About this task -> Reproduce word for word, from the entries below, the line with "import ezdxf", the line with "doc.layers.add('DETAILS', color=4, linetype='Continuous')", and every line between them, and nothing more.

Provided material section start

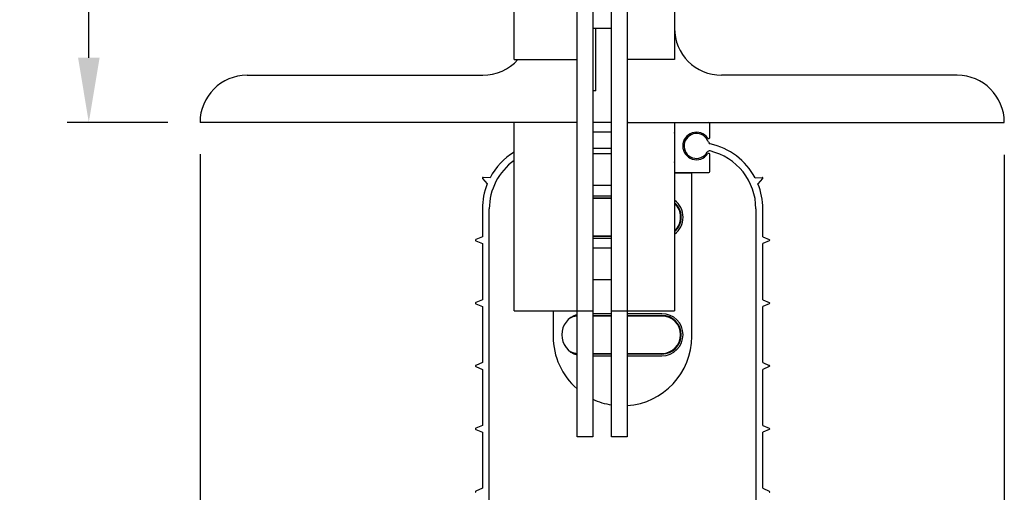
# Model space of a CAD drawing. Header units: inches. Extents: x 144.9 to 238.4, y 214.8 to 247.7.
# Tile 69 of 256: x 146.5 to 147.9, y 236 to 236.7. Entities that reach past the tile are written whole.
import ezdxf

# ---------------------------------------------------------------- set-up
doc = ezdxf.new("R2010")
doc.units = ezdxf.units.IN
doc.header["$LTSCALE"] = 0.25
doc.header["$MEASUREMENT"] = 0
doc.layers.add('ANNOTATIONS', color=1, linetype='Continuous')
doc.layers.add('DETAILS', color=4, linetype='Continuous')
doc.styles.add('ARIAL', font='arial.ttf', dxfattribs={"height": 0.09375})
doc.dimstyles.new('STANDARD$0', dxfattribs={"dimtxt": 0.09375, "dimasz": 0.09375, "dimexe": 0.03125, "dimexo": 0.046875, "dimgap": 0.09, "dimtad": 0, "dimtih": 1, "dimtoh": 1, "dimdec": 4, "dimzin": 0, "dimdsep": 46, "dimtxsty": 'ARIAL', "dimcen": 0.09, "dimadec": 0, "dimazin": 0, "dimtfac": 1, "dimtdec": 4, "dimtofl": 0, "dimtmove": 0, "dimatfit": 1, "dimfxl": 1, "dimtolj": 1, "dimtzin": 0, "dimarcsym": 0})

# ---------------------------------------------------------------- blocks, each defined once
blk = doc.blocks.new('*D53')
at = {"layer": 'ANNOTATIONS', "color": 0, "lineweight": -2, "transparency": 16777216}
for p, q in [((147.2709, 237.7976), (146.1668, 237.7976)), ((146.198, 237.7039), (146.198, 236.6729)), ((146.198, 235.3648), (146.198, 236.3958)), ((147.3369, 235.2711), (146.1668, 235.2711))]:
    blk.add_line(p, q, dxfattribs=at)
at = {"layer": 'ANNOTATIONS', "color": 0, "transparency": 16777216}
for points in [[(146.1824, 237.7039), (146.2136, 237.7039), (146.198, 237.7976)], [(146.1824, 235.3648), (146.2136, 235.3648), (146.198, 235.2711)]]:
    blk.add_solid(points, dxfattribs=at)
at = {"layer": 'defpoints', "color": 0, "transparency": 16777216}
for p in [(146.198, 237.7976), (147.3177, 237.7976), (147.3838, 235.2711)]:
    blk.add_point(p, dxfattribs=at)
at = {"layer": 'ANNOTATIONS', "color": 0, "transparency": 16777216, "insert": (146.198, 236.5343), "char_height": 0.09375, "attachment_point": 5, "style": 'ARIAL'}
blk.add_mtext('\\A1;13 7/8"', dxfattribs=at)
blk = doc.blocks.new('*D54')
at = {"layer": 'ANNOTATIONS', "color": 0, "lineweight": -2, "transparency": 16777216}
for p, q in [((147.2709, 237.7976), (146.5785, 237.7976)), ((146.6097, 237.7039), (146.6097, 237.2966)), ((146.6097, 236.6156), (146.6097, 237.0229)), ((146.7241, 236.5219), (146.5785, 236.5219))]:
    blk.add_line(p, q, dxfattribs=at)
at = {"layer": 'ANNOTATIONS', "color": 0, "transparency": 16777216}
for points in [[(146.5941, 237.7039), (146.6254, 237.7039), (146.6097, 237.7976)], [(146.5941, 236.6156), (146.6254, 236.6156), (146.6097, 236.5219)]]:
    blk.add_solid(points, dxfattribs=at)
at = {"layer": 'defpoints', "color": 0, "transparency": 16777216}
for p in [(147.3177, 237.7976), (146.6097, 236.5219), (146.771, 236.5219)]:
    blk.add_point(p, dxfattribs=at)
at = {"layer": 'ANNOTATIONS', "color": 0, "transparency": 16777216, "insert": (146.6097, 237.1597), "char_height": 0.09375, "attachment_point": 5, "style": 'ARIAL'}
blk.add_mtext('\\A1;7"', dxfattribs=at)
blk = doc.blocks.new('*D55')
at = {"layer": 'ANNOTATIONS', "color": 0, "lineweight": -2, "transparency": 16777216}
for p, q in [((146.771, 236.4758), (146.771, 235.0966)), ((147.9374, 236.475), (147.9374, 235.0966)), ((146.8647, 235.1278), (147.028, 235.1278)), ((147.8436, 235.1278), (147.6804, 235.1278))]:
    blk.add_line(p, q, dxfattribs=at)
at = {"layer": 'ANNOTATIONS', "color": 0, "transparency": 16777216}
for points in [[(146.8647, 235.1434), (146.8647, 235.1122), (146.771, 235.1278)], [(147.8436, 235.1434), (147.8436, 235.1122), (147.9374, 235.1278)]]:
    blk.add_solid(points, dxfattribs=at)
at = {"layer": 'defpoints', "color": 0, "transparency": 16777216}
for p in [(146.771, 236.5227), (147.9374, 236.5219), (147.9374, 235.1278)]:
    blk.add_point(p, dxfattribs=at)
at = {"layer": 'ANNOTATIONS', "color": 0, "transparency": 16777216, "insert": (147.3542, 235.1278), "char_height": 0.09375, "attachment_point": 5, "style": 'ARIAL'}
blk.add_mtext('\\A1;6 13/32"', dxfattribs=at)

msp = doc.modelspace()

# ---------------------------------------------------------------- linework, layer by layer
at = {"layer": 'DETAILS'}
for p, q in [((147.31773, 236.06624), (147.31773, 237.79762)), ((147.34051, 237.79762), (147.34051, 236.06624)), ((147.36785, 236.06624), (147.36785, 237.79762)), ((147.39063, 237.79762), (147.39063, 236.06624)), ((147.45897, 237.25087), (147.45897, 236.61299)), ((147.2266, 236.61299), (147.2266, 236.88637)), ((147.34051, 236.65856), (147.36785, 236.65856)), ((147.34507, 236.56743), (147.34507, 236.65856)), ((147.2266, 236.61299), (147.31773, 236.61299)), ((147.45897, 236.61299), (147.39063, 236.61299)), ((146.83932, 236.59021), (147.18104, 236.59021)), ((147.86904, 236.59021), (147.52732, 236.59021)), ((147.34507, 236.56743), (147.34051, 236.56743)), ((147.31773, 236.52187), (146.77098, 236.52187)), ((147.2266, 236.24849), (147.2266, 236.52187)), ((147.36785, 236.52187), (147.34051, 236.52187)), ((147.39063, 236.52187), (147.93738, 236.52187)), ((147.45897, 236.52187), (147.45897, 236.24849)), ((147.51047, 236.5004), (147.51047, 236.52005)), ((147.34051, 236.5082), (147.36785, 236.5082)), ((147.4592, 236.50638), (147.4592, 236.46446)), ((147.36785, 236.48416), (147.34051, 236.48416)), ((147.36785, 236.47631), (147.34051, 236.47631)), ((147.51047, 236.45079), (147.51047, 236.475)), ((147.45897, 236.44897), (147.50864, 236.44897)), ((147.48401, 236.44829), (147.45897, 236.44829)), ((147.48401, 236.21151), (147.48401, 236.44829)), ((147.18067, 236.44038), (147.18751, 236.43269)), ((147.19167, 236.44161), (147.18138, 236.4419)), ((147.57592, 236.44161), (147.58621, 236.4419)), ((147.58692, 236.44038), (147.58007, 236.43269)), ((147.34051, 236.43074), (147.36785, 236.43074)), ((147.36785, 236.41494), (147.34051, 236.41494)), ((147.34051, 236.41243), (147.36785, 236.41243)), ((147.36785, 236.41152), (147.34051, 236.41152)), ((147.18047, 236.39657), (147.18047, 236.35593)), ((147.1905, 235.48434), (147.1905, 236.39657)), ((147.57709, 236.39657), (147.57709, 235.48434)), ((147.58712, 236.35593), (147.58712, 236.39657)), ((147.18047, 236.35593), (147.17102, 236.35185)), ((147.17102, 236.35017), (147.18047, 236.34609)), ((147.18047, 236.34609), (147.18047, 236.2648)), ((147.34051, 236.35737), (147.36785, 236.35737)), ((147.36785, 236.35646), (147.34051, 236.35646)), ((147.34051, 236.35395), (147.36785, 236.35395)), ((147.58712, 236.35593), (147.59657, 236.35185)), ((147.59657, 236.35017), (147.58712, 236.34609)), ((147.58712, 236.2648), (147.58712, 236.34609)), ((147.36785, 236.33962), (147.34051, 236.33962)), ((147.34051, 236.29406), (147.36785, 236.29406)), ((147.18047, 236.2648), (147.17102, 236.26072)), ((147.58712, 236.2648), (147.59657, 236.26072)), ((147.17102, 236.25905), (147.18047, 236.25496)), ((147.18047, 236.25496), (147.18047, 236.17368)), ((147.2266, 236.24849), (147.34051, 236.24849)), ((147.2831, 236.24849), (147.2831, 236.21151)), ((147.36785, 236.24849), (147.45897, 236.24849)), ((147.59657, 236.25905), (147.58712, 236.25496)), ((147.58712, 236.17368), (147.58712, 236.25496)), ((147.36785, 236.24453), (147.34051, 236.24453)), ((147.34051, 236.24202), (147.36785, 236.24202)), ((147.36785, 236.24111), (147.34051, 236.24111)), ((147.44096, 236.24453), (147.39063, 236.24453)), ((147.39063, 236.24202), (147.44096, 236.24202)), ((147.44096, 236.24111), (147.39063, 236.24111)), ((147.44096, 236.24202), (147.44096, 236.24111)), ((147.34051, 236.18697), (147.36785, 236.18697)), ((147.36785, 236.18606), (147.34051, 236.18606)), ((147.34051, 236.18355), (147.36785, 236.18355)), ((147.39063, 236.18697), (147.44096, 236.18697)), ((147.44096, 236.18606), (147.39063, 236.18606)), ((147.39063, 236.18355), (147.44096, 236.18355)), ((147.44096, 236.18697), (147.44096, 236.18606)), ((147.18047, 236.17368), (147.17102, 236.1696)), ((147.17102, 236.16792), (147.18047, 236.16384)), ((147.18047, 236.16384), (147.18047, 236.08255)), ((147.58712, 236.17368), (147.59657, 236.1696)), ((147.59657, 236.16792), (147.58712, 236.16384)), ((147.58712, 236.08255), (147.58712, 236.16384)), ((147.18047, 236.08255), (147.17102, 236.07847)), ((147.17102, 236.0768), (147.18047, 236.07271)), ((147.58712, 236.08255), (147.59657, 236.07847)), ((147.59657, 236.0768), (147.58712, 236.07271)), ((147.18047, 236.07271), (147.18047, 235.99143)), ((147.34051, 236.06624), (147.31773, 236.06624)), ((147.39063, 236.06624), (147.36785, 236.06624)), ((147.58712, 235.99143), (147.58712, 236.07271)), ((147.18047, 235.99143), (147.17102, 235.98735)), ((147.58712, 235.99143), (147.59657, 235.98735))]:
    msp.add_line(p, q, dxfattribs=at)
at = {"layer": 'DETAILS', "flags": 128}
for points in [[(147.31773, 236.24101), (147.31169, 236.23979), (147.30696, 236.23773)], [(147.31107, 236.24054), (147.31141, 236.24065), (147.31773, 236.24193)], [(147.30696, 236.19035), (147.31169, 236.18829), (147.31773, 236.18707)], [(147.31773, 236.18615), (147.31141, 236.18743), (147.31107, 236.18754)]]:
    msp.add_lwpolyline(points, dxfattribs=at)
at = {"layer": 'DETAILS'}
for centre, radius, start, end in [((147.52732, 236.65856), 0.06834, 180, 270), ((147.18104, 236.65856), 0.06834, 270, 318.18969), ((146.83932, 236.52187), 0.06834, 90, 180), ((147.86904, 236.52187), 0.06834, 0, 90), ((147.39245, 236.52369), 0.00182, 180, 270), ((147.50864, 236.52005), 0.00182, 0, 90), ((147.45738, 236.50638), 0.00182, 0, 28.95502), ((147.49098, 236.4877), 0.01993, 35.71437, 324.28563), ((147.49098, 236.4877), 0.01804, 17.40474, 330.05294), ((147.50864, 236.5004), 0.00182, 215.71437, 0), ((147.51167, 236.49418), 0.00364, 197.40474, 258.02995), ((147.49098, 236.39657), 0.09614, 27.93396, 78.02995), ((147.27661, 236.39657), 0.09614, 121.34179, 152.06604), ((147.50977, 236.47687), 0.00364, 76.8282, 150.05294), ((147.50864, 236.475), 0.00182, 0, 144.28563), ((147.49098, 236.39657), 0.08611, 0, 76.8282), ((147.27661, 236.39657), 0.08611, 125.49894, 180), ((147.45738, 236.46446), 0.00182, 331.04498, 0), ((147.50864, 236.45079), 0.00182, 270, 0), ((147.18135, 236.44099), 0.000911, 88.36434, 221.63566), ((147.27661, 236.39657), 0.09614, 157.93396, 180), ((147.49098, 236.39657), 0.09614, 0, 22.06604), ((147.58624, 236.44099), 0.000911, 318.36434, 91.63566), ((147.44096, 236.38444), 0.03049, 306.20712, 53.79288), ((147.44096, 236.38444), 0.02798, 310.06962, 49.93038), ((147.44096, 236.38444), 0.02707, 311.71192, 48.28808), ((147.17138, 236.35101), 0.000911, 113.36434, 246.63566), ((147.59621, 236.35101), 0.000911, 293.36434, 66.63566), ((147.17138, 236.25988), 0.000911, 113.36434, 246.63566), ((147.59621, 236.25988), 0.000911, 293.36434, 66.63566), ((147.32616, 236.21404), 0.03049, 106.04266, 253.95734), ((147.44096, 236.21404), 0.03049, 270, 90), ((147.44096, 236.21404), 0.02798, 270, 90), ((147.44096, 236.21404), 0.02707, 270, 90), ((147.38356, 236.21151), 0.10045, 180, 229.05597), ((147.38356, 236.21151), 0.10045, 274.03655, 0), ((147.17138, 236.16876), 0.000911, 113.36434, 246.63566), ((147.59621, 236.16876), 0.000911, 293.36434, 66.63566), ((147.38356, 236.21151), 0.10045, 244.62533, 261.00241), ((147.17138, 236.07763), 0.000911, 113.36434, 246.63566), ((147.59621, 236.07763), 0.000911, 293.36434, 66.63566), ((147.17138, 235.98651), 0.000911, 113.36434, 246.63566), ((147.59621, 235.98651), 0.000911, 293.36434, 66.63566)]:
    msp.add_arc(centre, radius, start, end, dxfattribs=at)

# ---------------------------------------------------------------- dimensions: what is measured, and where the dimension line sits
at = {"layer": 'ANNOTATIONS'}
for base, p1, p2, text, picture, middle in [((146.19802, 237.79762), (147.38379, 235.27107), (147.31773, 237.79762), '13 7/8"', '*D53', (146.19802, 236.53435)), ((146.60975, 236.52187), (147.31773, 237.79762), (146.77098, 236.52187), '7"', '*D54', (146.60975, 237.15974))]:
    dim = msp.add_linear_dim(base=base, p1=p1, p2=p2, angle=90, text=text, dimstyle='STANDARD$0', override={"dimpost": ''}, dxfattribs=at)
    dim.commit()
    dim.dimension.update_dxf_attribs({"geometry": picture, "text_midpoint": middle, "dimtype": 160})
dim = msp.add_linear_dim(base=(147.93738, 235.12781), p1=(146.77098, 236.52272), p2=(147.93738, 236.52187), text='6 13/32"', dimstyle='STANDARD$0', dxfattribs=at)
dim.commit()
dim.dimension.update_dxf_attribs({"geometry": '*D55', "text_midpoint": (147.35418, 235.12781), "dimtype": 160})

doc.saveas('drawing.dxf')

Provided material section end

Response box ->
import ezdxf

# ---------------------------------------------------------------- set-up
doc = ezdxf.new("R2010")
doc.units = ezdxf.units.IN
doc.header["$LTSCALE"] = 0.25
doc.header["$MEASUREMENT"] = 0
doc.layers.add('ANNOTATIONS', color=1, linetype='Continuous')
doc.layers.add('DETAILS', color=4, linetype='Continuous')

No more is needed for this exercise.